Poco a poco cayó en la cuenta. Aquella imagen
era él paseando por los jardines, vestía con ropas principescas.
«¡Era el Príncipe!».
Después rememoró que se acercó al estanque y
vio a aquella rana que seguía haciéndole señas. Ahora lo evocó claramente.
Había tomado en su mano a la rana y ésta le había dicho que era una princesa
víctima del hechizo de una malvada bruja y que, si la daba un beso, se
convertiría en una bella princesa, que podrían casarse y ser muy felices.
«Y la besé, ¡claro que la besé!, como en el
cuento».
De pronto se hizo la luz en su interior y
comprendió horrorizado lo que había sucedido. El hechizo era verdad, pero al
deshacerlo, algo había funcionado mal y en lugar de que la ranita se
convirtiera en bella princesa, él, el Príncipe, se había convertido en rana.

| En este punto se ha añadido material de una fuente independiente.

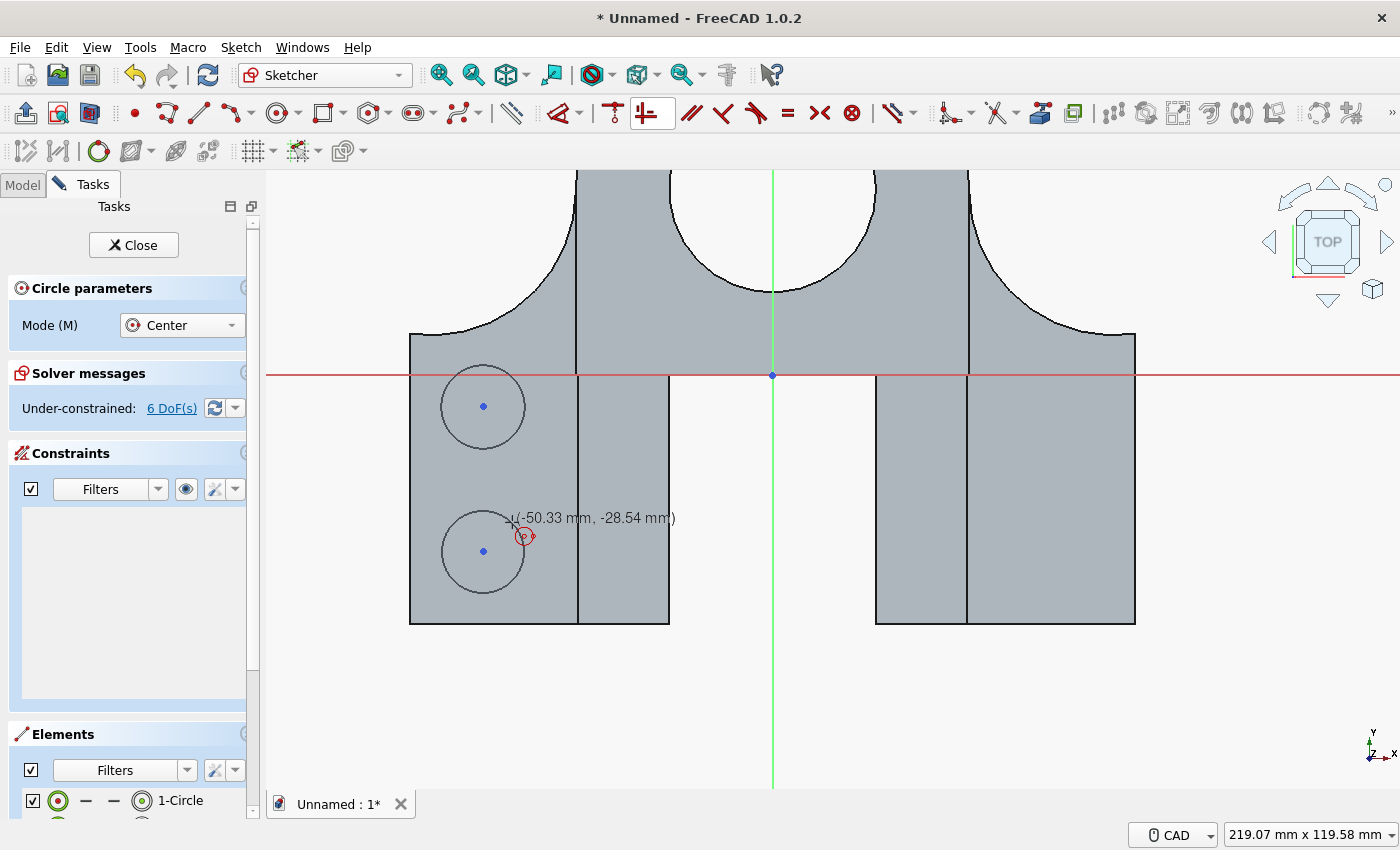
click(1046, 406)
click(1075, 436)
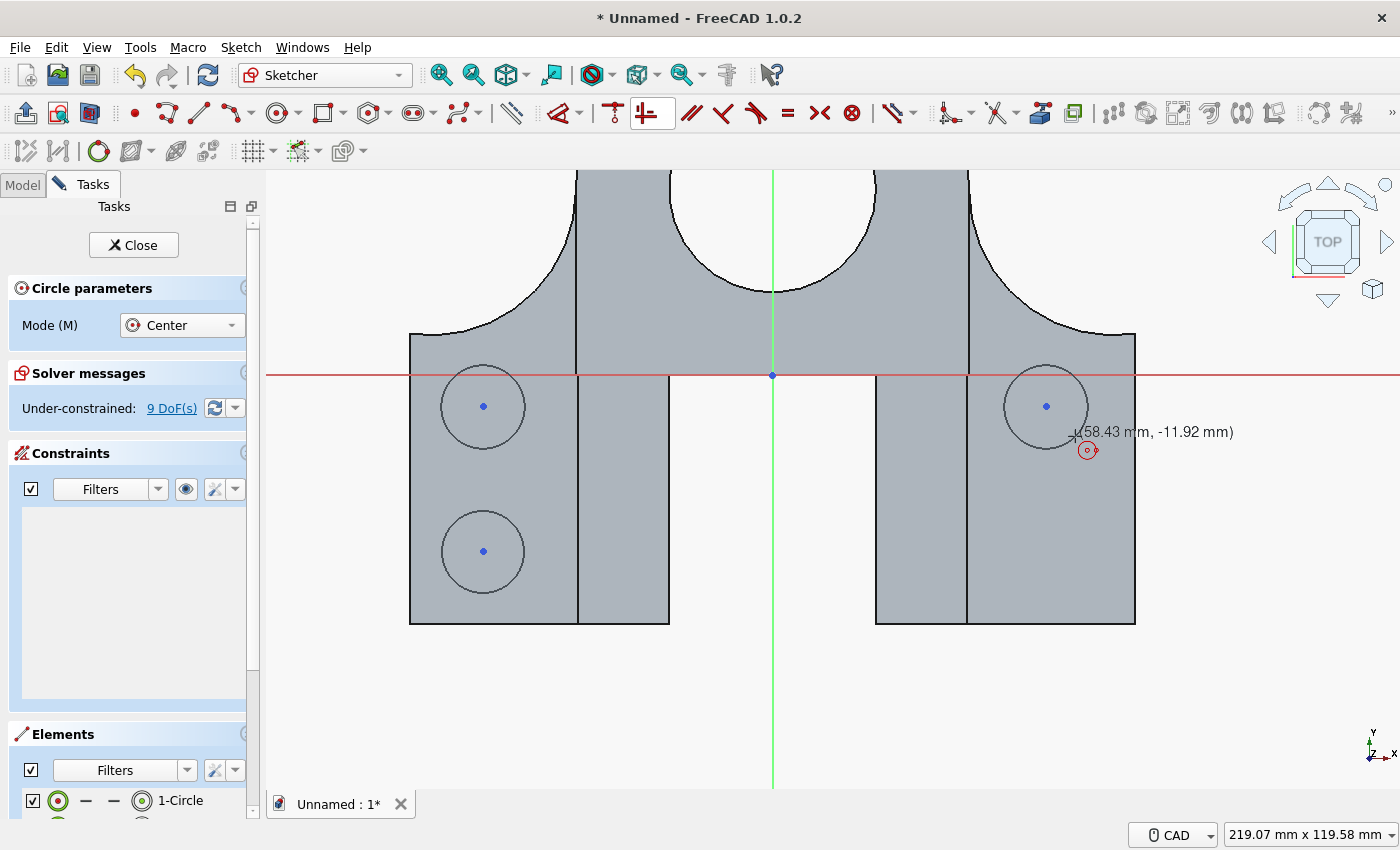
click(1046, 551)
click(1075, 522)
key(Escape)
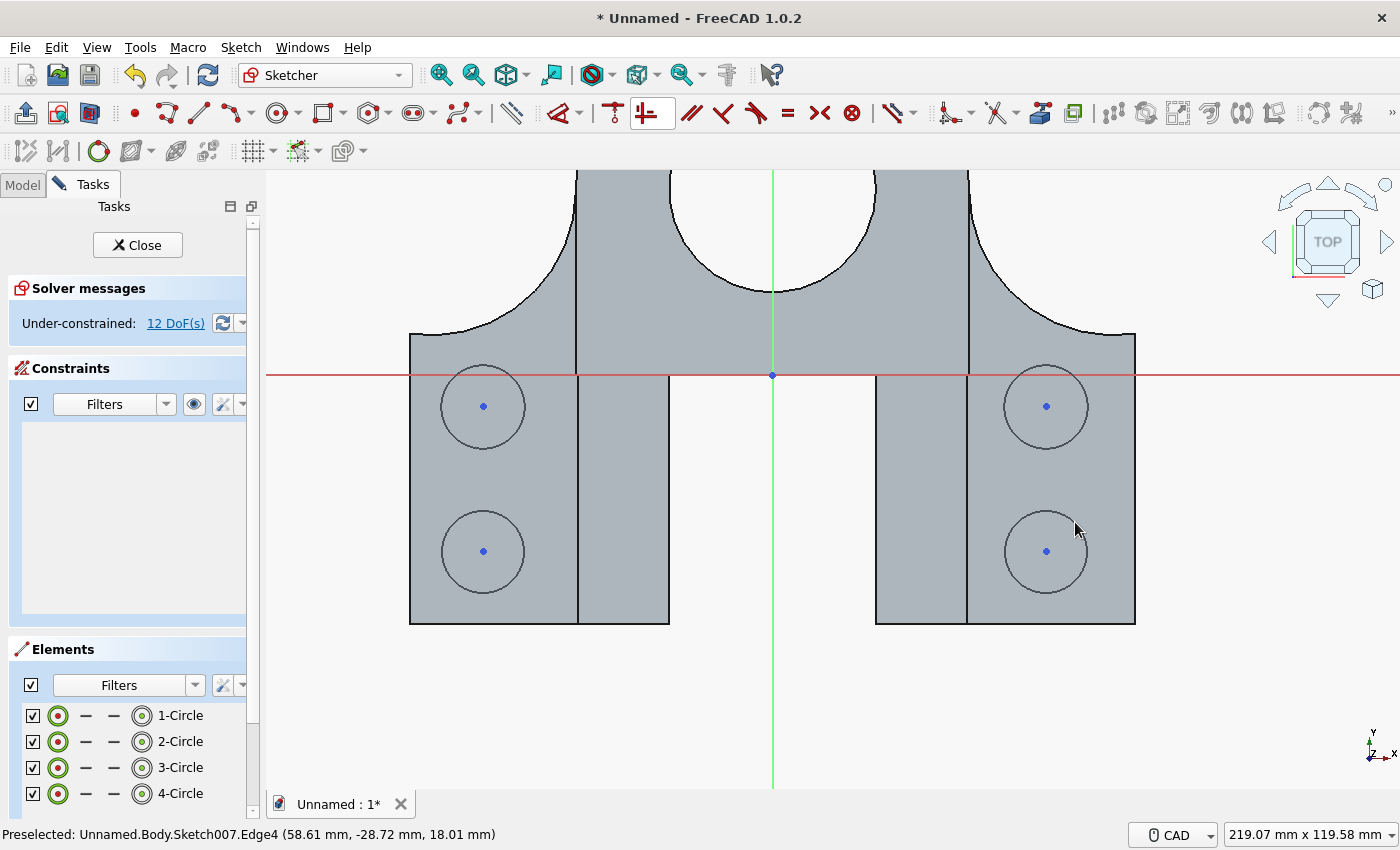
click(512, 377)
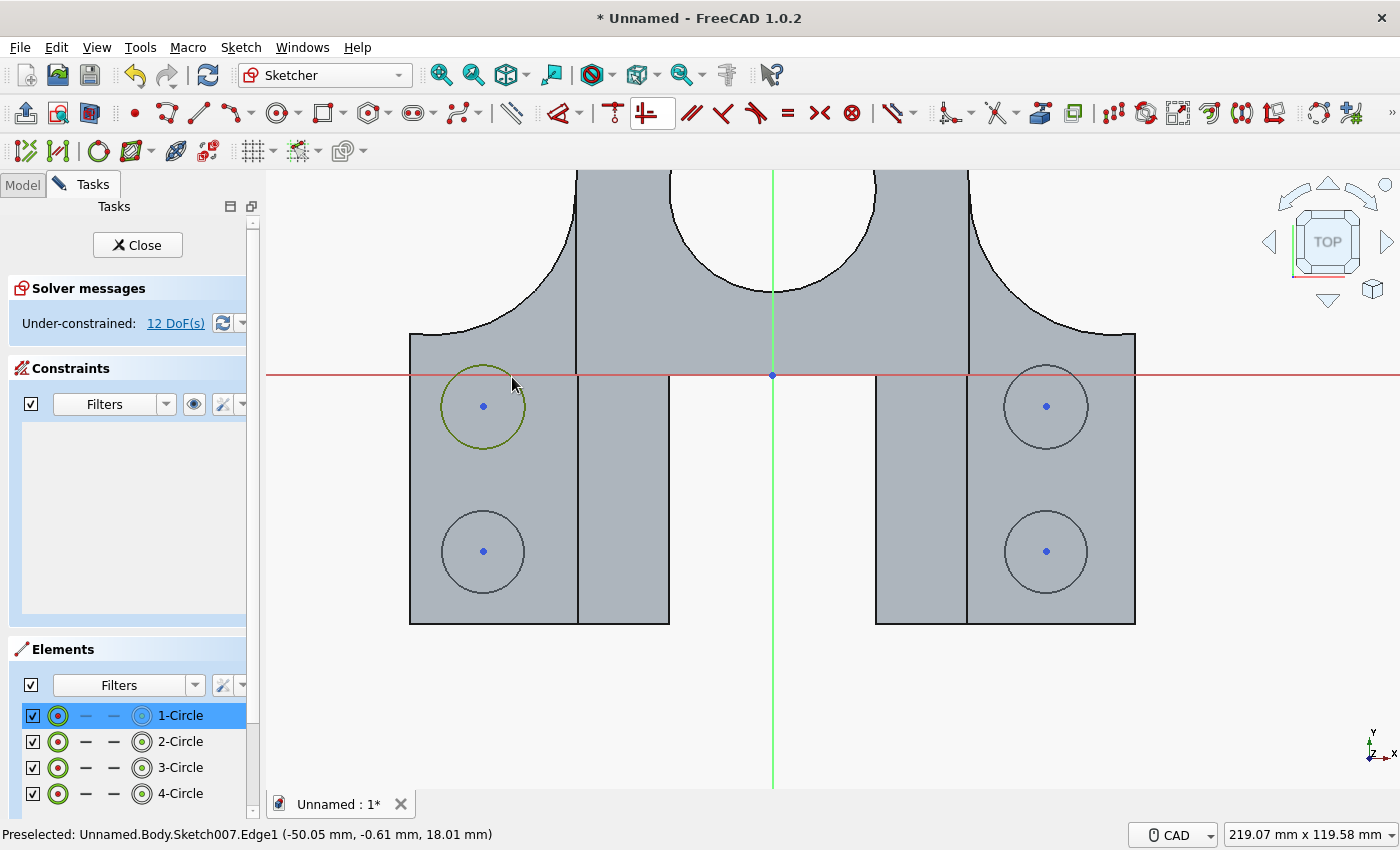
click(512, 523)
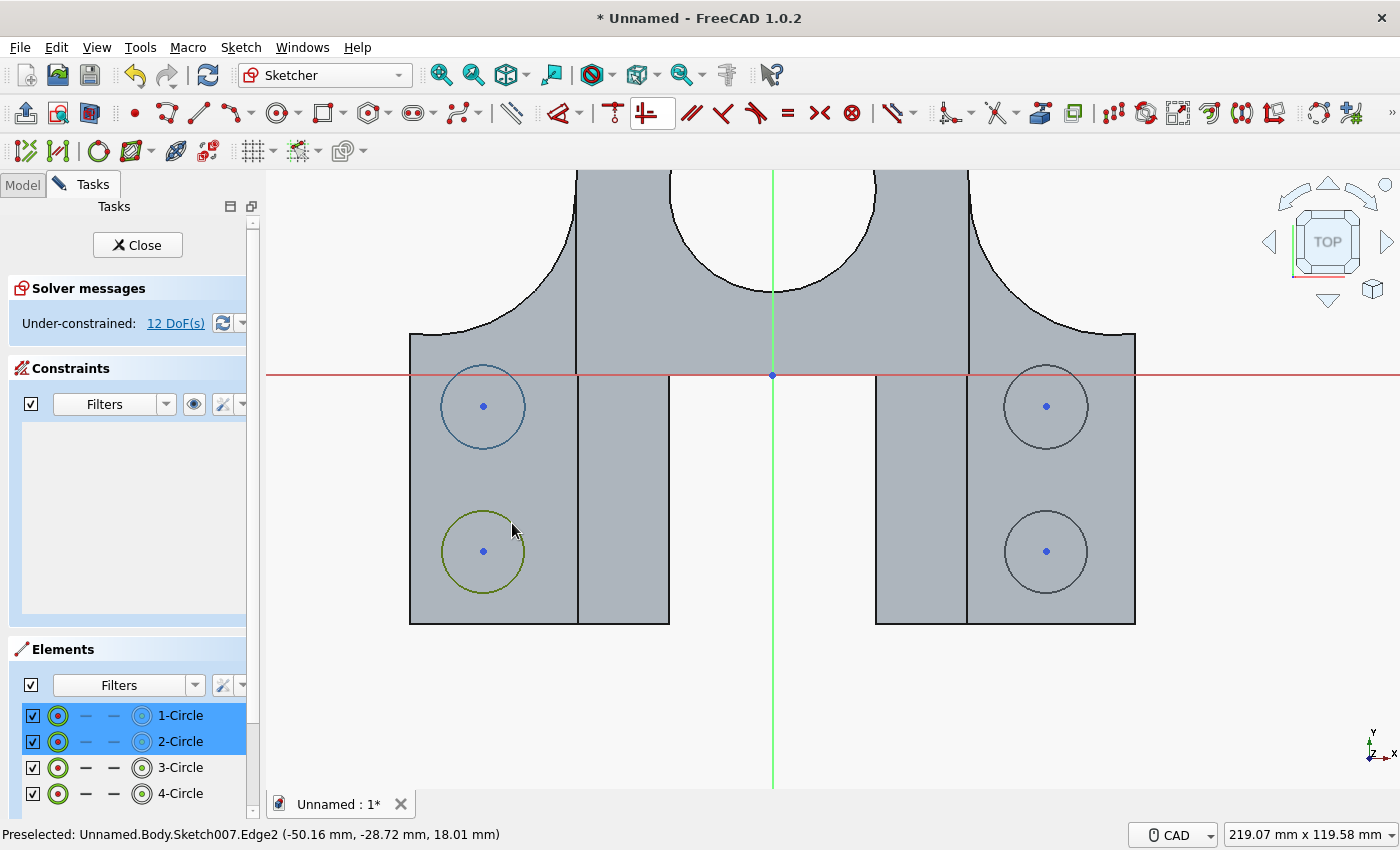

«Me cago en Kafka, me cago en La
metamorfosis, me cago en la bruja y me cago en la Princesa», exclamó lleno
de furia.
Miró tristemente al Palacio, al estanque y a
los setos. Ahora tendría que vivir como una rana, ir pegando saltos y comiendo
moscas, y, encima, tendría que aguantar a aquella lianta que seguía haciéndole
gestos provocativos. La angustia se había convertido en tristeza. Por fin, con
rabia y desesperación, desde lo más profundo de su ser, acertó a croar:
«Soy un gilipollas».
En la actualidad, el Príncipe sigue viviendo
en la charca con la Princesa ,
a la que sigue mirando con rencor. Abundan los insectos por lo que la comida no
falta, han tenido varios renacuajos y sus relaciones con el resto de ranas y
sapos que habitan los jardines son relativamente buenas. Sin embargo, sigue
añorando las fiestas de Palacio y todas esas cosas. Pero, sobre todo, lo que
peor lleva es no poder olvidarse del maldito Kafka y de la maldita novela.